● **Materials provided**:
====================
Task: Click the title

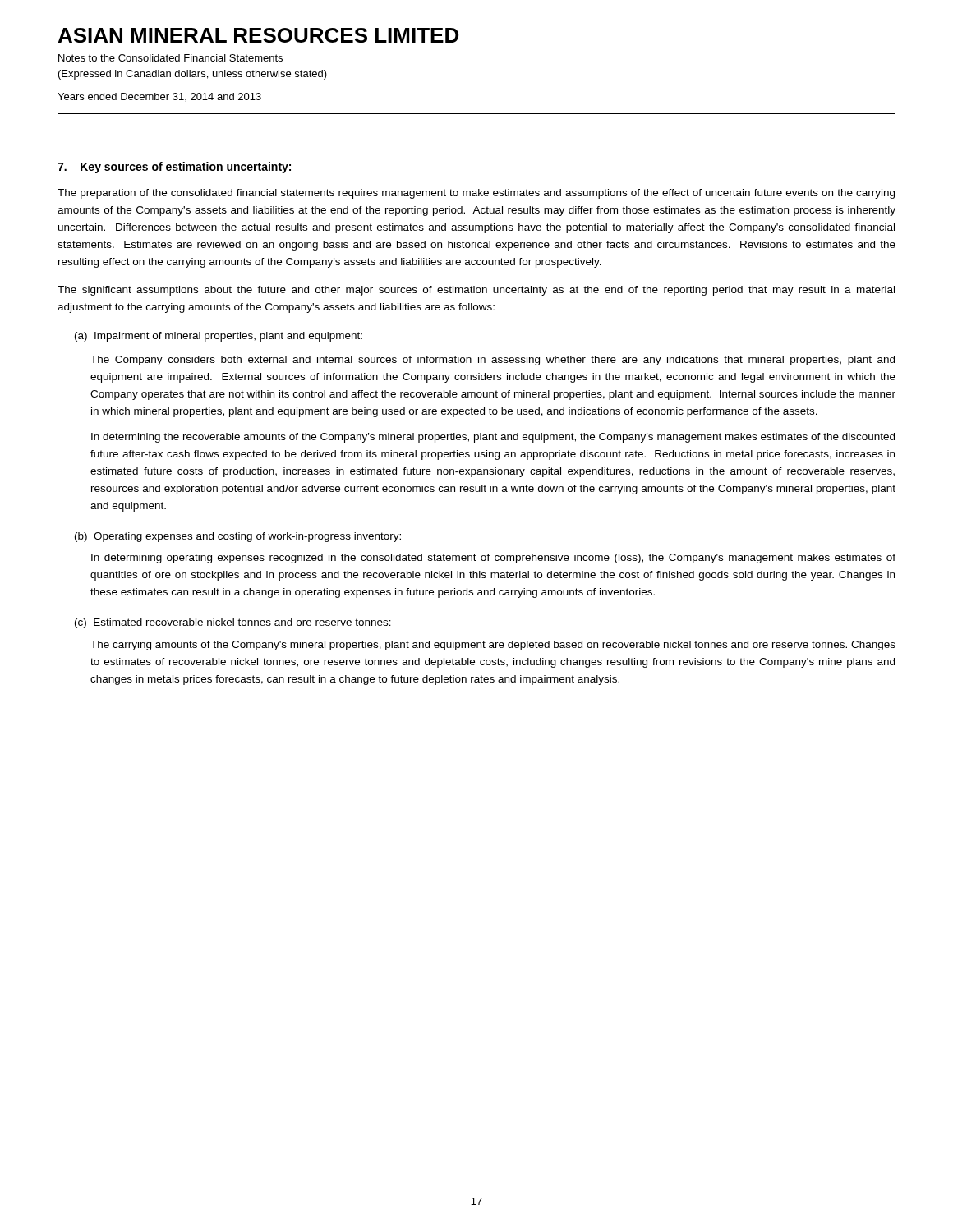Action: click(x=258, y=35)
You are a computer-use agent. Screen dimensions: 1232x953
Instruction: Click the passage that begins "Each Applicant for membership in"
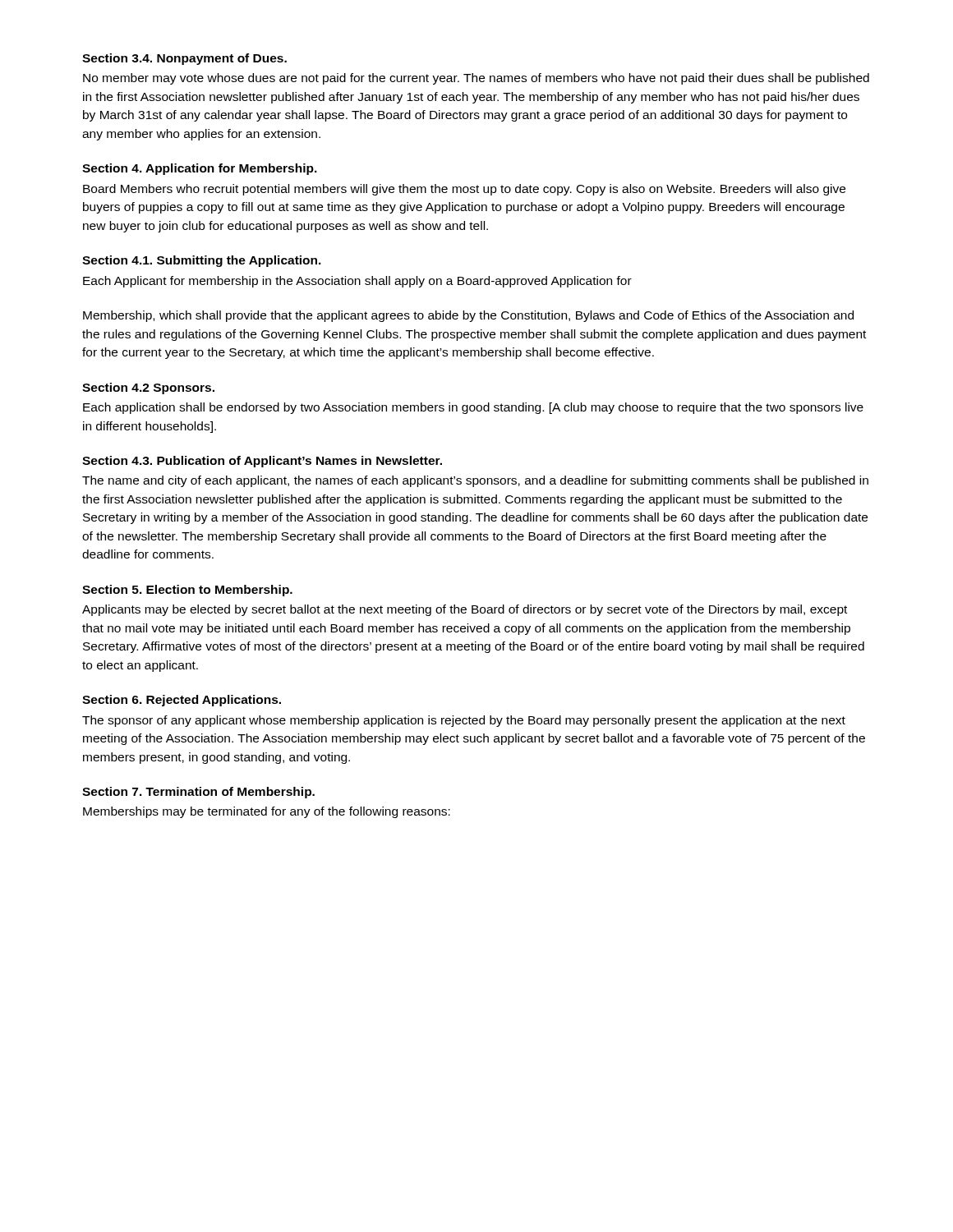pos(357,280)
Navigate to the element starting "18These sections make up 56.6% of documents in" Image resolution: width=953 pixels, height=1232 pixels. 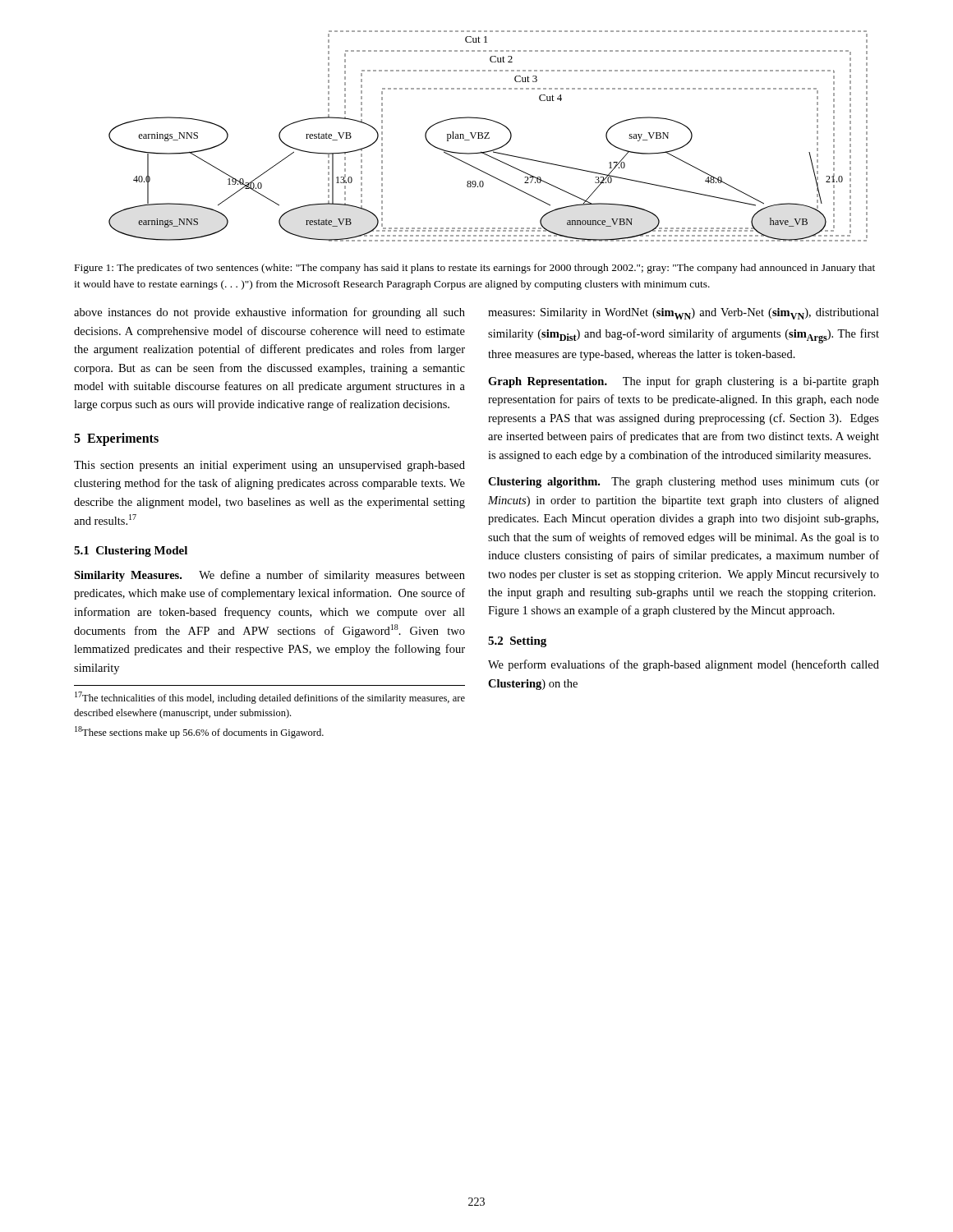199,732
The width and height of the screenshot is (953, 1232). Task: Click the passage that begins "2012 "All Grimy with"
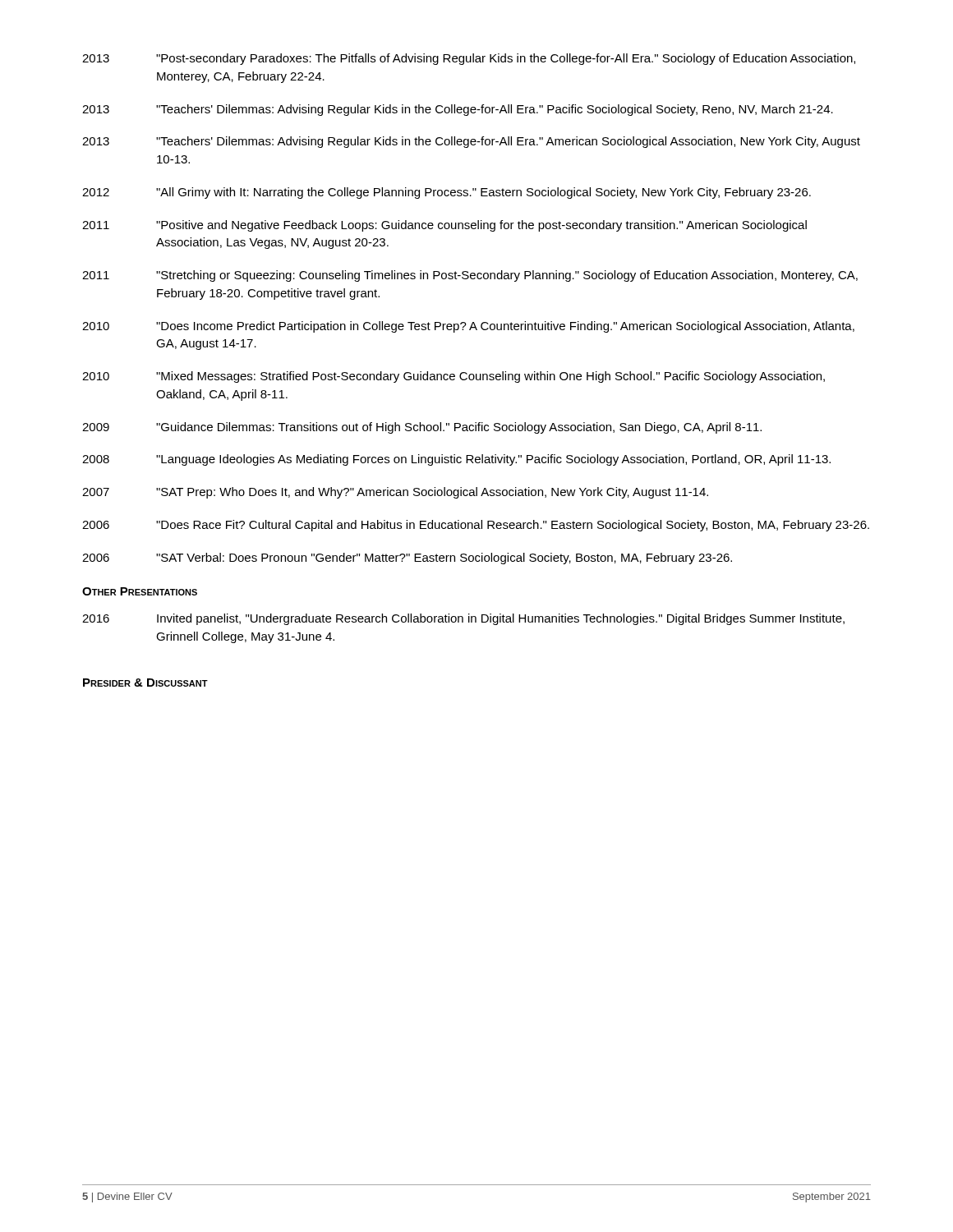pyautogui.click(x=476, y=192)
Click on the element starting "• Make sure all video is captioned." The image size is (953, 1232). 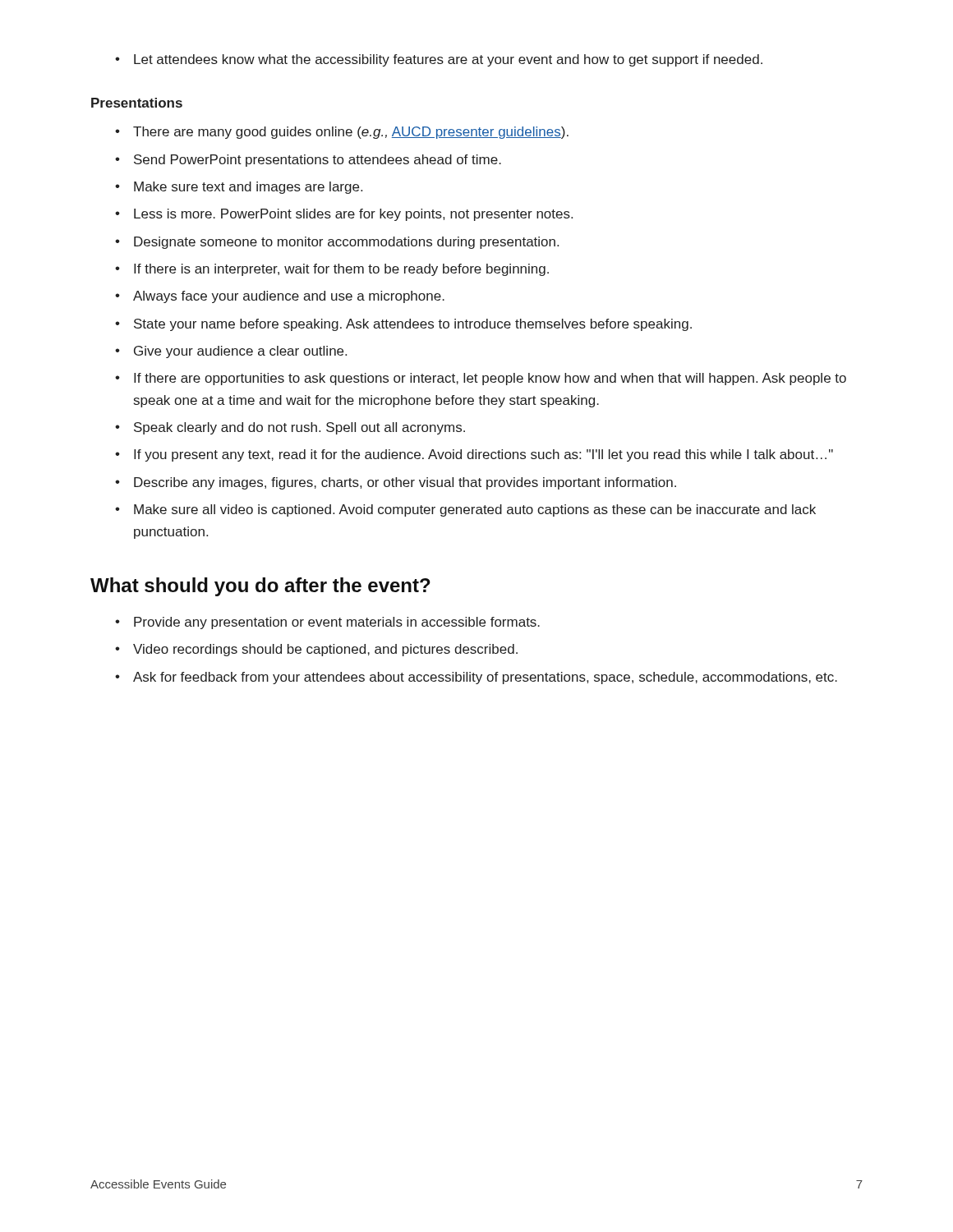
====================
All lines from the one containing "The width and" to the last line of the data above, both included, should be printed exactly, and the pictures should not appear.

● **Response to the task**:
The width and height of the screenshot is (953, 1232). Task: Click the passage that begins "2012 "All Grimy with"
pyautogui.click(x=476, y=192)
Click on the element starting "• Make sure all video is captioned." The image size is (953, 1232). 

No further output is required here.